DATA EXTRACTS:
== == ==

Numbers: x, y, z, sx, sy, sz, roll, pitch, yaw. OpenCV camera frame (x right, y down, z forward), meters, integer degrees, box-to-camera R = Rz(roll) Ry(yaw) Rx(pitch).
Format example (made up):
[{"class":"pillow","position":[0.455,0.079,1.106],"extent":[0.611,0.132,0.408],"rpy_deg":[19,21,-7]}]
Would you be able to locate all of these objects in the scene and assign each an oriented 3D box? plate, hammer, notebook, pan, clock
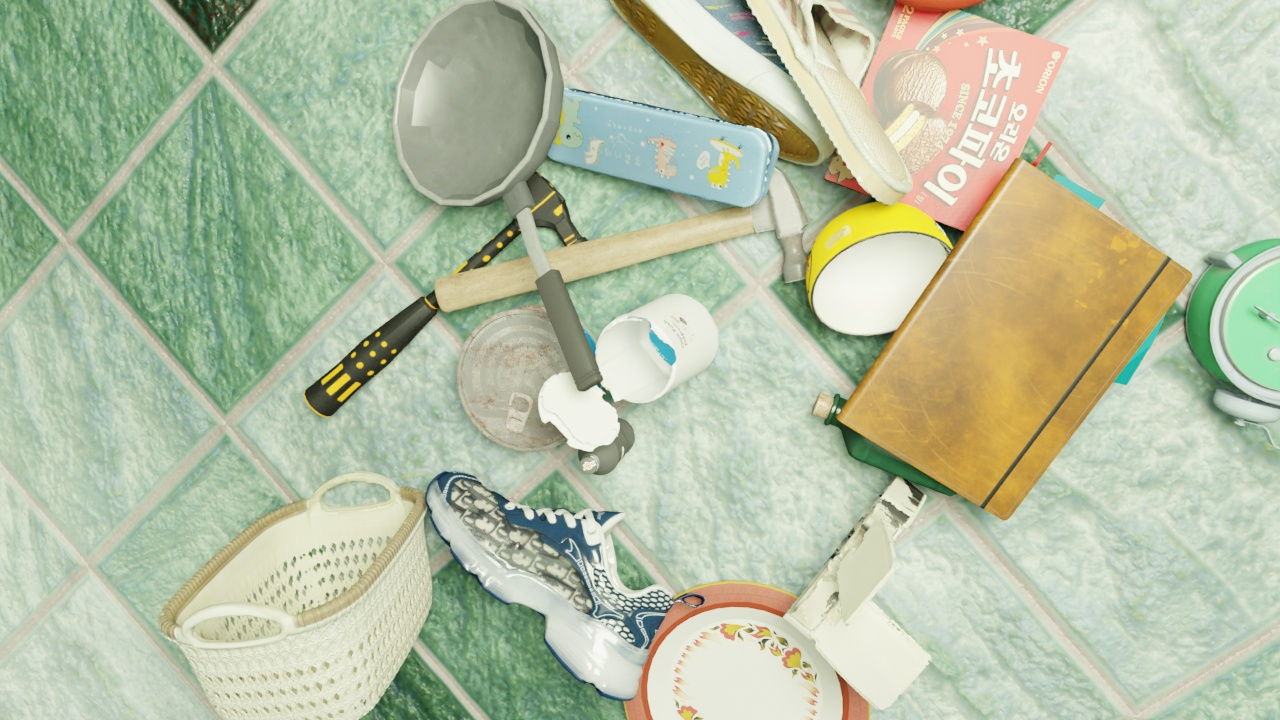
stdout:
[{"class":"plate","position":[0.097,0.313,0.860],"extent":[0.230,0.021,0.230],"rpy_deg":[2,100,12]},{"class":"hammer","position":[-0.197,-0.056,0.855],"extent":[0.321,0.036,0.123],"rpy_deg":[-38,89,13]},{"class":"notebook","position":[0.294,-0.013,0.701],"extent":[0.178,0.014,0.249],"rpy_deg":[31,101,-7]},{"class":"pan","position":[-0.102,-0.137,0.760],"extent":[0.179,0.041,0.357],"rpy_deg":[-32,72,27]},{"class":"clock","position":[0.491,-0.011,0.692],"extent":[0.122,0.075,0.161],"rpy_deg":[-11,98,14]},{"class":"hammer","position":[-0.021,-0.094,0.801],"extent":[0.331,0.030,0.119],"rpy_deg":[-13,95,10]}]

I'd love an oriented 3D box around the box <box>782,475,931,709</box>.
[{"class":"box","position":[0.188,0.185,0.737],"extent":[0.095,0.185,0.146],"rpy_deg":[31,111,-3]}]

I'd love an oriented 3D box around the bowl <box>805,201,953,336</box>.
[{"class":"bowl","position":[0.188,-0.082,0.739],"extent":[0.117,0.067,0.117],"rpy_deg":[-3,140,-3]}]

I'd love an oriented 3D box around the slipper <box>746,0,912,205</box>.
[{"class":"slipper","position":[0.138,-0.237,0.686],"extent":[0.052,0.114,0.263],"rpy_deg":[-33,75,31]}]

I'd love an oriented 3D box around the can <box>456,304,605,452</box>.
[{"class":"can","position":[-0.099,0.015,0.839],"extent":[0.130,0.044,0.130],"rpy_deg":[2,100,12]}]

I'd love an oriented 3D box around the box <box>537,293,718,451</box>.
[{"class":"box","position":[-0.006,0.007,0.763],"extent":[0.112,0.162,0.084],"rpy_deg":[-38,85,29]}]

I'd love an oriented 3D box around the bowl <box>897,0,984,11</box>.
[{"class":"bowl","position":[0.225,-0.302,0.695],"extent":[0.122,0.035,0.121],"rpy_deg":[-1,55,1]}]

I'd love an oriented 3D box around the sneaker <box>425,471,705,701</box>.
[{"class":"sneaker","position":[-0.074,0.177,0.846],"extent":[0.269,0.103,0.132],"rpy_deg":[40,85,11]}]

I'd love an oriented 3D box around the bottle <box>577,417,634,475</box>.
[{"class":"bottle","position":[-0.032,0.077,0.801],"extent":[0.036,0.109,0.036],"rpy_deg":[2,100,11]}]

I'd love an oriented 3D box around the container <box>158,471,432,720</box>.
[{"class":"container","position":[-0.287,0.213,0.820],"extent":[0.185,0.245,0.143],"rpy_deg":[-8,106,10]}]

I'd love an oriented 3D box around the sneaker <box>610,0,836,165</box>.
[{"class":"sneaker","position":[0.079,-0.256,0.746],"extent":[0.235,0.087,0.079],"rpy_deg":[43,83,6]}]

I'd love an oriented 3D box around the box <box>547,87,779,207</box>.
[{"class":"box","position":[0.007,-0.176,0.754],"extent":[0.210,0.049,0.066],"rpy_deg":[20,103,25]}]

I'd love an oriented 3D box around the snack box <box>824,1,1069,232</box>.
[{"class":"snack box","position":[0.240,-0.194,0.734],"extent":[0.133,0.035,0.152],"rpy_deg":[23,104,7]}]

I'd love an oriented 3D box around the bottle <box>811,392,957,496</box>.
[{"class":"bottle","position":[0.209,0.060,0.772],"extent":[0.131,0.061,0.061],"rpy_deg":[21,101,8]}]

== == ==

The listing above must be repeated exactly. Its pictures are not part of the copy.

Numbers: x, y, z, sx, sy, sz, roll, pitch, yaw. OpenCV camera frame (x right, y down, z forward), meters, integer degrees, box-to-camera R = Rz(roll) Ry(yaw) Rx(pitch).
Format example (made up):
[{"class":"pillow","position":[0.455,0.079,1.106],"extent":[0.611,0.132,0.408],"rpy_deg":[19,21,-7]}]
Would you be able to locate all of these objects in the scene and assign each an oriented 3D box? plate, hammer, notebook, pan, clock
stdout:
[{"class":"plate","position":[0.097,0.313,0.860],"extent":[0.230,0.021,0.230],"rpy_deg":[2,100,12]},{"class":"hammer","position":[-0.197,-0.056,0.855],"extent":[0.321,0.036,0.123],"rpy_deg":[-38,89,13]},{"class":"notebook","position":[0.294,-0.013,0.701],"extent":[0.178,0.014,0.249],"rpy_deg":[31,101,-7]},{"class":"pan","position":[-0.102,-0.137,0.760],"extent":[0.179,0.041,0.357],"rpy_deg":[-32,72,27]},{"class":"clock","position":[0.491,-0.011,0.692],"extent":[0.122,0.075,0.161],"rpy_deg":[-11,98,14]},{"class":"hammer","position":[-0.021,-0.094,0.801],"extent":[0.331,0.030,0.119],"rpy_deg":[-13,95,10]}]

I'd love an oriented 3D box around the box <box>782,475,931,709</box>.
[{"class":"box","position":[0.188,0.185,0.737],"extent":[0.095,0.185,0.146],"rpy_deg":[31,111,-3]}]

I'd love an oriented 3D box around the bowl <box>805,201,953,336</box>.
[{"class":"bowl","position":[0.188,-0.082,0.739],"extent":[0.117,0.067,0.117],"rpy_deg":[-3,140,-3]}]

I'd love an oriented 3D box around the slipper <box>746,0,912,205</box>.
[{"class":"slipper","position":[0.138,-0.237,0.686],"extent":[0.052,0.114,0.263],"rpy_deg":[-33,75,31]}]

I'd love an oriented 3D box around the can <box>456,304,605,452</box>.
[{"class":"can","position":[-0.099,0.015,0.839],"extent":[0.130,0.044,0.130],"rpy_deg":[2,100,12]}]

I'd love an oriented 3D box around the box <box>537,293,718,451</box>.
[{"class":"box","position":[-0.006,0.007,0.763],"extent":[0.112,0.162,0.084],"rpy_deg":[-38,85,29]}]

I'd love an oriented 3D box around the bowl <box>897,0,984,11</box>.
[{"class":"bowl","position":[0.225,-0.302,0.695],"extent":[0.122,0.035,0.121],"rpy_deg":[-1,55,1]}]

I'd love an oriented 3D box around the sneaker <box>425,471,705,701</box>.
[{"class":"sneaker","position":[-0.074,0.177,0.846],"extent":[0.269,0.103,0.132],"rpy_deg":[40,85,11]}]

I'd love an oriented 3D box around the bottle <box>577,417,634,475</box>.
[{"class":"bottle","position":[-0.032,0.077,0.801],"extent":[0.036,0.109,0.036],"rpy_deg":[2,100,11]}]

I'd love an oriented 3D box around the container <box>158,471,432,720</box>.
[{"class":"container","position":[-0.287,0.213,0.820],"extent":[0.185,0.245,0.143],"rpy_deg":[-8,106,10]}]

I'd love an oriented 3D box around the sneaker <box>610,0,836,165</box>.
[{"class":"sneaker","position":[0.079,-0.256,0.746],"extent":[0.235,0.087,0.079],"rpy_deg":[43,83,6]}]

I'd love an oriented 3D box around the box <box>547,87,779,207</box>.
[{"class":"box","position":[0.007,-0.176,0.754],"extent":[0.210,0.049,0.066],"rpy_deg":[20,103,25]}]

I'd love an oriented 3D box around the snack box <box>824,1,1069,232</box>.
[{"class":"snack box","position":[0.240,-0.194,0.734],"extent":[0.133,0.035,0.152],"rpy_deg":[23,104,7]}]

I'd love an oriented 3D box around the bottle <box>811,392,957,496</box>.
[{"class":"bottle","position":[0.209,0.060,0.772],"extent":[0.131,0.061,0.061],"rpy_deg":[21,101,8]}]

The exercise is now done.